Segment Start: Material for this task

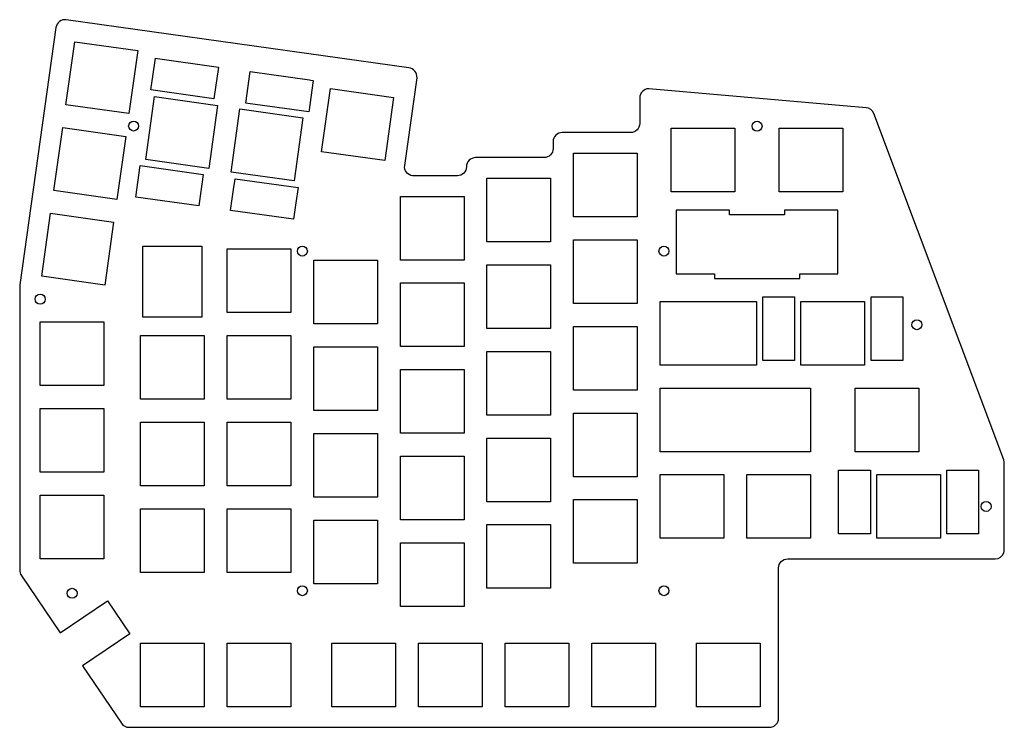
# Model space of a CAD drawing. Header units: millimetres. Extents: x -221 to -5, y 7 to 163.
import ezdxf

# ---------------------------------------------------------------- set-up
doc = ezdxf.new("R2010")
doc.units = ezdxf.units.MM
doc.layers.get('0').update_dxf_attribs({"linetype": 'CONTINUOUS'})

msp = doc.modelspace()

# ---------------------------------------------------------------- linework, layer by layer
for points in [[(-4.64, 46.26), (-4.63, 46.26, 0.011407), (-4.64, 46.35), (-4.63, 65.31, 0.09013), (-4.76, 66.01), (-33.34, 142.22, 0.288634), (-35.04, 143.5), (-82.83, 147.65, 0.414214), (-84.83, 145.65), (-84.83, 140.01, -0.414214), (-86.83, 138.01), (-101.88, 138.01, 0.414214), (-103.88, 136.01), (-103.88, 134.51, -0.414214), (-105.88, 132.51), (-120.93, 132.51, 0.414214), (-122.93, 130.51, -0.414214), (-124.93, 128.51), (-134.81, 128.51, -0.414232), (-136.51, 130.77), (-136.51, 130.77), (-133.8, 150.07, 0.414217), (-135.61, 152.23), (-210.95, 162.83, 0.415028), (-213.21, 161.13), (-221.16, 104.54, 0.034915), (-221.18, 104.26), (-221.18, 41.76, 0.149901), (-220.84, 40.64), (-212.27, 27.99), (-201.89, 35.02), (-196.98, 27.77), (-207.36, 20.74), (-198.79, 8.09, 0.248862), (-197.13, 7.21), (-56.28, 7.21, 0.413921), (-54.28, 9.21), (-54.28, 42.26, -0.413921), (-52.28, 44.26), (-6.63, 44.26, 0.317311), (-4.75, 45.59, 0.0852)], [(-190.85, 154.29), (-177.98, 152.48, -0.001891), (-177.97, 152.48), (-177.48, 152.41), (-177.55, 151.93, -0.004382), (-177.55, 151.92), (-178.39, 145.98, -0.002005), (-178.39, 145.97), (-178.46, 145.48), (-192.32, 147.43), (-191.83, 150.9), (-191.42, 153.87, -0.001858), (-191.42, 153.87), (-191.35, 154.36), (-190.86, 154.3, -0.004775)], [(-164.55, 143.53), (-170.98, 144.43, -0.002649), (-170.99, 144.43), (-171.48, 144.5), (-171.18, 146.65), (-170.57, 150.94, -0.00326), (-170.57, 150.94), (-170.5, 151.43), (-157.43, 149.6), (-157.13, 149.56, -0.002702), (-157.13, 149.56), (-156.64, 149.49), (-156.71, 149, -0.004755), (-156.71, 148.99), (-157.54, 143.05, -0.001869), (-157.54, 143.05), (-157.61, 142.55)], [(-160.42, 122.57), (-160.86, 119.47, -0.002017), (-160.86, 119.47), (-160.93, 118.97), (-174.79, 120.92), (-174.15, 125.5), (-173.89, 127.36, -0.001814), (-173.89, 127.36), (-173.82, 127.85), (-159.95, 125.91)], [(-41.73, 120.94, 0.000079), (-41.73, 120.94), (-53, 120.94), (-53, 119.94), (-65.05, 119.94), (-65.05, 120.94), (-76.81, 120.94), (-76.81, 106.94), (-68.4, 106.94), (-68.4, 105.94), (-49.64, 105.94), (-49.64, 106.94), (-41.23, 106.94), (-41.23, 120.94)], [(-33.95, 87.89), (-33.95, 101.89), (-27.45, 101.89, -0.000079), (-27.45, 101.89), (-26.95, 101.89), (-26.95, 87.89)], [(-41.09, 49.79), (-41.09, 63.79), (-34.59, 63.79, -0.00005), (-34.59, 63.79), (-34.09, 63.79), (-34.09, 49.79)]]:
    msp.add_lwpolyline(points, format="xyb", close=True)
for points in [[(-209.08, 158), (-195.22, 156.05), (-197.17, 142.19), (-211.03, 144.13)], [(-152.82, 147.69), (-138.96, 145.74), (-140.9, 131.87), (-154.77, 133.82)], [(-191.52, 145.96), (-177.65, 144.01), (-179.6, 130.15), (-193.47, 132.1)], [(-172.74, 143.21), (-158.88, 141.26), (-160.82, 127.4), (-174.69, 129.35)], [(-211.73, 139.13), (-197.87, 137.19), (-199.82, 123.32), (-213.68, 125.27)], [(-77.93, 138.99), (-63.93, 138.99), (-63.93, 124.99), (-77.93, 124.99)], [(-54.12, 138.99), (-40.12, 138.99), (-40.12, 124.99), (-54.12, 124.99)], [(-99.36, 133.49), (-85.36, 133.49), (-85.36, 119.49), (-99.36, 119.49)], [(-195.64, 123.85), (-194.66, 130.78), (-180.8, 128.83), (-181.77, 121.9)], [(-118.41, 127.99), (-104.41, 127.99), (-104.41, 113.99), (-118.41, 113.99)], [(-137.46, 123.99), (-123.46, 123.99), (-123.46, 109.99), (-137.46, 109.99)], [(-214.38, 120.27), (-200.52, 118.32), (-202.47, 104.46), (-216.33, 106.41)], [(-194.11, 113.04), (-181.11, 113.04), (-181.11, 97.44), (-194.11, 97.44)], [(-99.36, 114.44), (-85.36, 114.44), (-85.36, 100.44), (-99.36, 100.44)], [(-175.56, 112.44), (-161.56, 112.44), (-161.56, 98.44), (-175.56, 98.44)], [(-156.51, 109.94), (-142.51, 109.94), (-142.51, 95.94), (-156.51, 95.94)], [(-118.41, 108.94), (-104.41, 108.94), (-104.41, 94.94), (-118.41, 94.94)], [(-137.46, 104.94), (-123.46, 104.94), (-123.46, 90.94), (-137.46, 90.94)], [(-57.76, 87.89), (-57.76, 101.89), (-50.76, 101.89), (-50.76, 87.89)], [(-59.17, 86.87), (-80.31, 86.87), (-80.31, 100.87), (-59.17, 100.87)], [(-35.35, 86.89), (-49.35, 86.89), (-49.35, 100.89), (-35.35, 100.89)], [(-216.66, 96.39), (-202.66, 96.39), (-202.66, 82.39), (-216.66, 82.39)], [(-99.36, 95.39), (-85.36, 95.39), (-85.36, 81.39), (-99.36, 81.39)], [(-194.61, 93.39), (-180.61, 93.39), (-180.61, 79.39), (-194.61, 79.39)], [(-175.56, 93.39), (-161.56, 93.39), (-161.56, 79.39), (-175.56, 79.39)], [(-156.51, 90.89), (-142.51, 90.89), (-142.51, 76.89), (-156.51, 76.89)], [(-118.41, 89.89), (-104.41, 89.89), (-104.41, 75.89), (-118.41, 75.89)], [(-137.46, 85.89), (-123.46, 85.89), (-123.46, 71.89), (-137.46, 71.89)], [(-80.31, 81.84), (-47.26, 81.84), (-47.26, 67.84), (-80.31, 67.84)], [(-23.45, 67.84), (-37.45, 67.84), (-37.45, 81.84), (-23.45, 81.84)], [(-216.66, 77.34), (-202.66, 77.34), (-202.66, 63.34), (-216.66, 63.34)], [(-99.36, 76.34), (-85.36, 76.34), (-85.36, 62.34), (-99.36, 62.34)], [(-194.61, 74.34), (-180.61, 74.34), (-180.61, 60.34), (-194.61, 60.34)], [(-175.56, 74.34), (-161.56, 74.34), (-161.56, 60.34), (-175.56, 60.34)], [(-156.51, 71.84), (-142.51, 71.84), (-142.51, 57.84), (-156.51, 57.84)], [(-118.41, 70.84), (-104.41, 70.84), (-104.41, 56.84), (-118.41, 56.84)], [(-137.46, 66.84), (-123.46, 66.84), (-123.46, 52.84), (-137.46, 52.84)], [(-17.28, 49.79), (-17.28, 63.79), (-10.28, 63.79), (-10.28, 49.79)], [(-80.31, 62.79), (-66.31, 62.79), (-66.31, 48.79), (-80.31, 48.79)], [(-61.26, 62.79), (-47.26, 62.79), (-47.26, 48.79), (-61.26, 48.79)], [(-18.68, 48.79), (-32.68, 48.79), (-32.68, 62.79), (-18.68, 62.79)], [(-216.66, 58.29), (-202.66, 58.29), (-202.66, 44.29), (-216.66, 44.29)], [(-99.36, 57.29), (-85.36, 57.29), (-85.36, 43.29), (-99.36, 43.29)], [(-194.61, 55.29), (-180.61, 55.29), (-180.61, 41.29), (-194.61, 41.29)], [(-175.56, 55.29), (-161.56, 55.29), (-161.56, 41.29), (-175.56, 41.29)], [(-156.51, 52.79), (-142.51, 52.79), (-142.51, 38.79), (-156.51, 38.79)], [(-118.41, 51.79), (-104.41, 51.79), (-104.41, 37.79), (-118.41, 37.79)], [(-137.46, 47.79), (-123.46, 47.79), (-123.46, 33.79), (-137.46, 33.79)], [(-194.61, 25.74), (-180.61, 25.74), (-180.61, 11.74), (-194.61, 11.74)], [(-175.56, 25.74), (-161.56, 25.74), (-161.56, 11.74), (-175.56, 11.74)], [(-152.51, 25.74), (-138.51, 25.74), (-138.51, 11.74), (-152.51, 11.74)], [(-133.46, 25.74), (-119.46, 25.74), (-119.46, 11.74), (-133.46, 11.74)], [(-114.41, 25.74), (-100.41, 25.74), (-100.41, 11.74), (-114.41, 11.74)], [(-95.36, 25.74), (-81.36, 25.74), (-81.36, 11.74), (-95.36, 11.74)], [(-72.31, 25.74), (-58.31, 25.74), (-58.31, 11.74), (-72.31, 11.74)]]:
    msp.add_lwpolyline(points, close=True)
for centre in [(-196.12, 139.46), (-59.02, 139.41), (-159.02, 111.96), (-79.49, 111.96), (-216.68, 101.39), (-23.85, 95.77), (-8.64, 55.79), (-209.66, 36.69), (-159.02, 37.26), (-79.49, 37.26)]:
    msp.add_circle(centre, 1.1)

doc.saveas('drawing.dxf')

Segment End: Material for this task

_What is needed_
Among the entries above, how many lines hold the word "units"? Reply with only that number.

_Answer area_
2